Lime Kiln Light, San Juan Island

Lime Kiln Light, San Juan Island

by | Apr 7, 2020

The Lime Kiln Light was established in 1914 overlooking Dead Man’s Bay and Haro Strait on the west coast of San Juan Island, about 12 miles (19 km) northeast of Victoria and 6.4 miles (10 km) west-southwest of Friday Harbor, Washington. The San Juan Islands were first visited by Europeans in 1794 when Spanish explorer Francisco de Eliza sailed here under the authority of the Viceroy of Mexico.
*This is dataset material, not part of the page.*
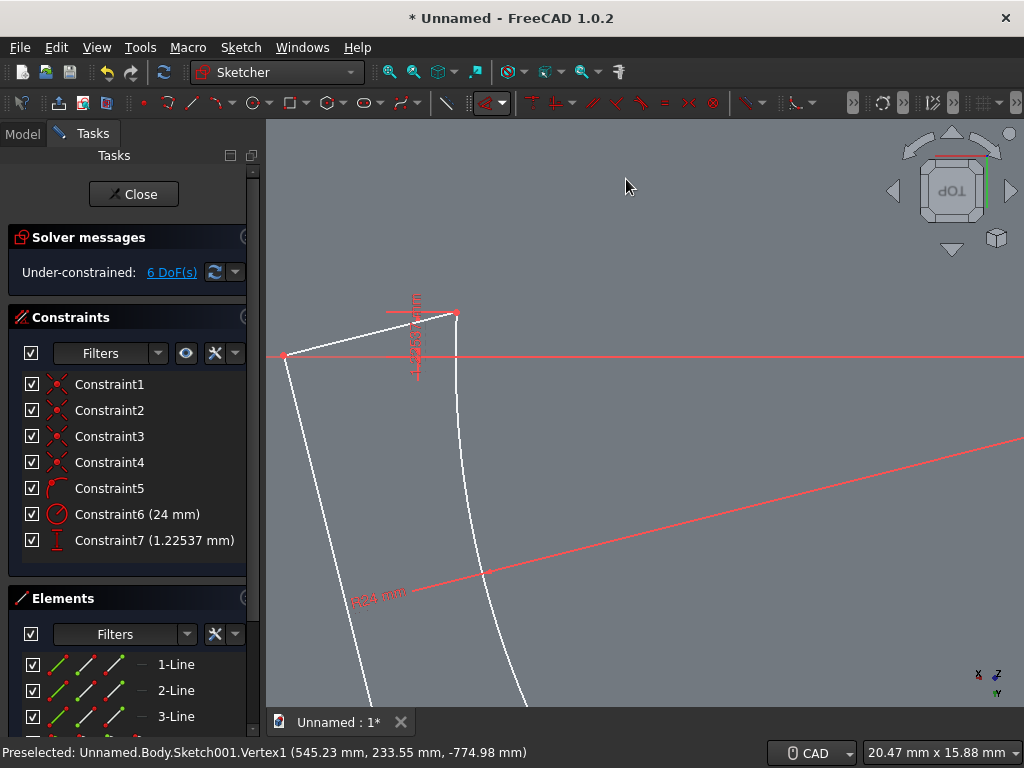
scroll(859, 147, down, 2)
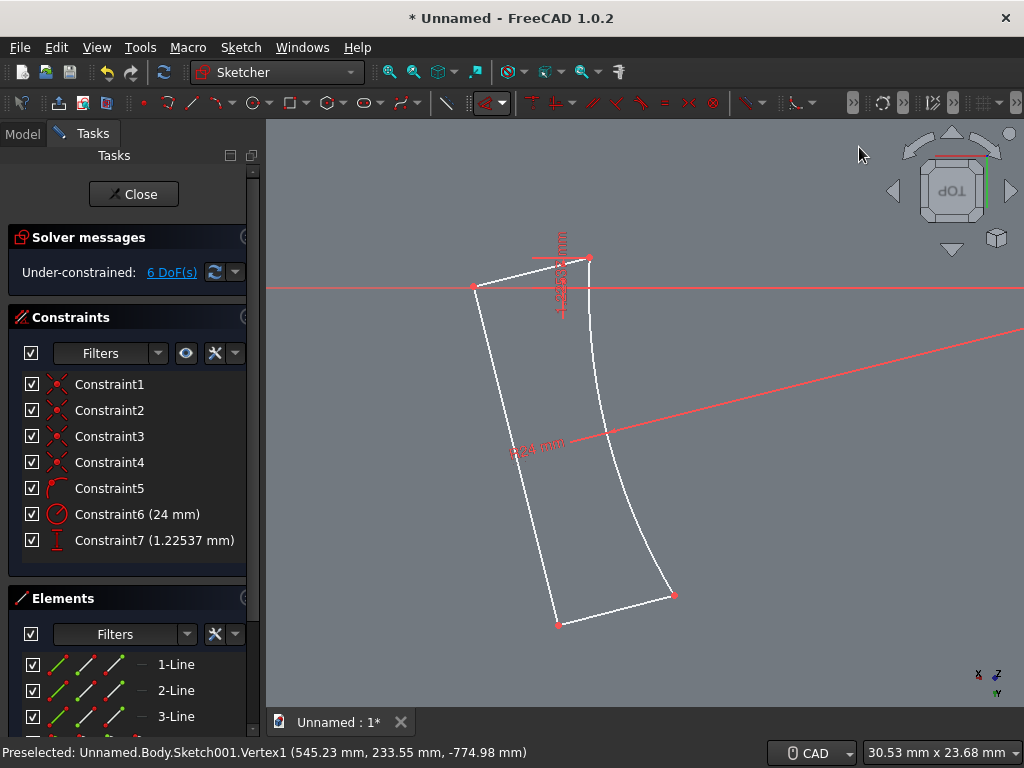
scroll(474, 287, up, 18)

In the 1860s, acetylene lights were placed on Lime Kiln Point, a name derived from the active lime kilns nearby. These lights were updated five years later with an octagonal concrete tower rising 38 feet (12 m) from the fog signal building and two light keeper’s houses. The lighthouse is built on solid rock, about 20 feet (6 m) above high water. The tower’s helical-bar lantern room, which was fabricated by Wisconsin Iron and Wire Works of Milwaukee, has a diameter of just over 7 feet (2.1 m), and is encircled by a concrete deck and gallery. A fourth-order Fresnel lens was added to the tower in 1919.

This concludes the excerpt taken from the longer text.